In our current malaise, we have been at this 5 years and employment is still 2.2 million people below the employment number in April 2008. Moreover, part-time employment is up about 2 million workers. Thus, full-time employment is 4 million below the 2008 number, 5 years ago.

Read more at http://globaleconomicanalysis.blogspot.com/2013/05/another-look-at-bernankes-employment.html#CbLrgrvFMhjSL7TJ.99

patrickt
05-26-2013, 06:53 AM
President Obama admires how President Roosevelt managed to extend the Great Depression and is simply following one of his mentors.

ptif219
05-26-2013, 07:07 AM
Unemployment rate is down because people have stopped looking not because of job creation.

Peter1469
05-26-2013, 07:24 AM
Right the job participation rate is the lowest since they started counting it.

lynn
05-26-2013, 09:32 AM
It isn't likely to improve until after 2014 when employers see how the ACA will affect everyone.

Peter1469
05-26-2013, 09:46 AM
It isn't likely to improve until after 2014 when employers see how the ACA will affect everyone.

That is true.
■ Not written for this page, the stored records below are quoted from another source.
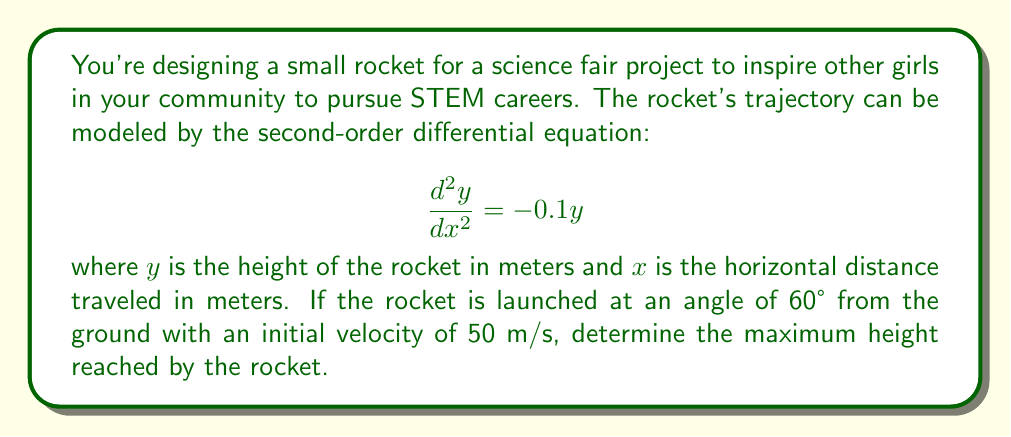Could you help me with this problem? Let's approach this step-by-step:

1) The general solution to the given differential equation is:
   $$y = A \cos(kx) + B \sin(kx)$$
   where $k^2 = 0.1$, so $k = \sqrt{0.1} \approx 0.3162$

2) We need to find $A$ and $B$ using the initial conditions. Let's set up a coordinate system where the rocket is launched from the origin (0,0).

3) Initial velocity components:
   - Vertical: $v_y = 50 \sin(60°) = 43.3$ m/s
   - Horizontal: $v_x = 50 \cos(60°) = 25$ m/s

4) Initial conditions:
   At $x = 0$: $y = 0$ and $\frac{dy}{dx} = \frac{v_y}{v_x} = \frac{43.3}{25} = 1.732$

5) Applying the initial conditions:
   $y(0) = 0$: $0 = A \cos(0) + B \sin(0)$, so $A = 0$
   $\frac{dy}{dx}(0) = 1.732$: $1.732 = -0.3162A \sin(0) + 0.3162B \cos(0)$, so $B = 5.478$

6) The trajectory equation is therefore:
   $$y = 5.478 \sin(0.3162x)$$

7) To find the maximum height, we need to find where $\frac{dy}{dx} = 0$:
   $$\frac{dy}{dx} = 1.732 \cos(0.3162x)$$
   This is zero when $\cos(0.3162x) = 0$, which occurs when $0.3162x = \frac{\pi}{2}$

8) Solving for $x$:
   $$x = \frac{\pi}{2 \cdot 0.3162} \approx 4.964$$

9) The maximum height is reached at this $x$-value:
   $$y_{max} = 5.478 \sin(0.3162 \cdot 4.964) = 5.478$$
Answer: The maximum height reached by the rocket is approximately 5.478 meters. 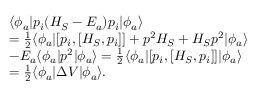<formula> <loc_0><loc_0><loc_500><loc_500>\begin{array} { r l } & { \langle \phi _ { a } | p _ { i } ( H _ { S } - E _ { a } ) p _ { i } | \phi _ { a } \rangle } \\ & { = \frac { 1 } { 2 } \langle \phi _ { a } | [ p _ { i } , [ H _ { S } , p _ { i } ] ] + p ^ { 2 } H _ { S } + H _ { S } p ^ { 2 } | \phi _ { a } \rangle } \\ & { - E _ { a } \langle \phi _ { a } | p ^ { 2 } | \phi _ { a } \rangle = \frac { 1 } { 2 } \langle \phi _ { a } | [ p _ { i } , [ H _ { S } , p _ { i } ] ] | \phi _ { a } \rangle } \\ & { = \frac { 1 } { 2 } \langle \phi _ { a } | \Delta V | \phi _ { a } \rangle . } \end{array}</formula> 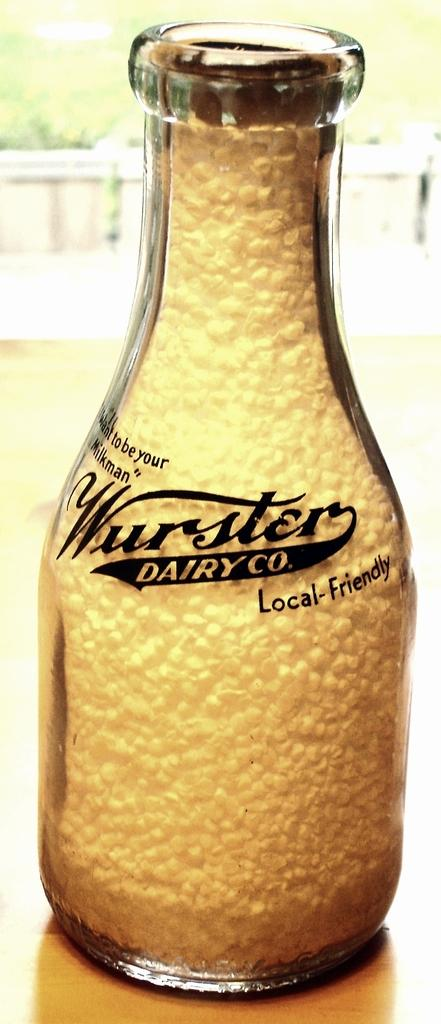What is in the bottle that is visible in the image? There is a bottle of juice in the image. What additional information can be found on the bottle? The bottle has the words "Wurster Dairy Co" written on it. What invention is being demonstrated by the geese in the image? There are no geese present in the image, and therefore no invention can be demonstrated by them.

Regulatory uncertainty keeps business on the sidelines.

Chris
05-26-2013, 10:00 AM
Agree, it's both people stopped looking and companies are holding off in the face of uncertainty.



Don't liberals get up early Sunday's to blame Bush? Wait, wait, here it comes....

Mainecoons
05-26-2013, 12:40 PM
That is true. Regulatory uncertainty keeps business on the sidelines.

Exactly how Roosevelt prolonged the depression. Constant governmental turmoil and change. Nobody knew what the government was going to hit them with next.

ptif219
05-26-2013, 05:16 PM
It isn't likely to improve until after 2014 when employers see how the ACA will affect everyone.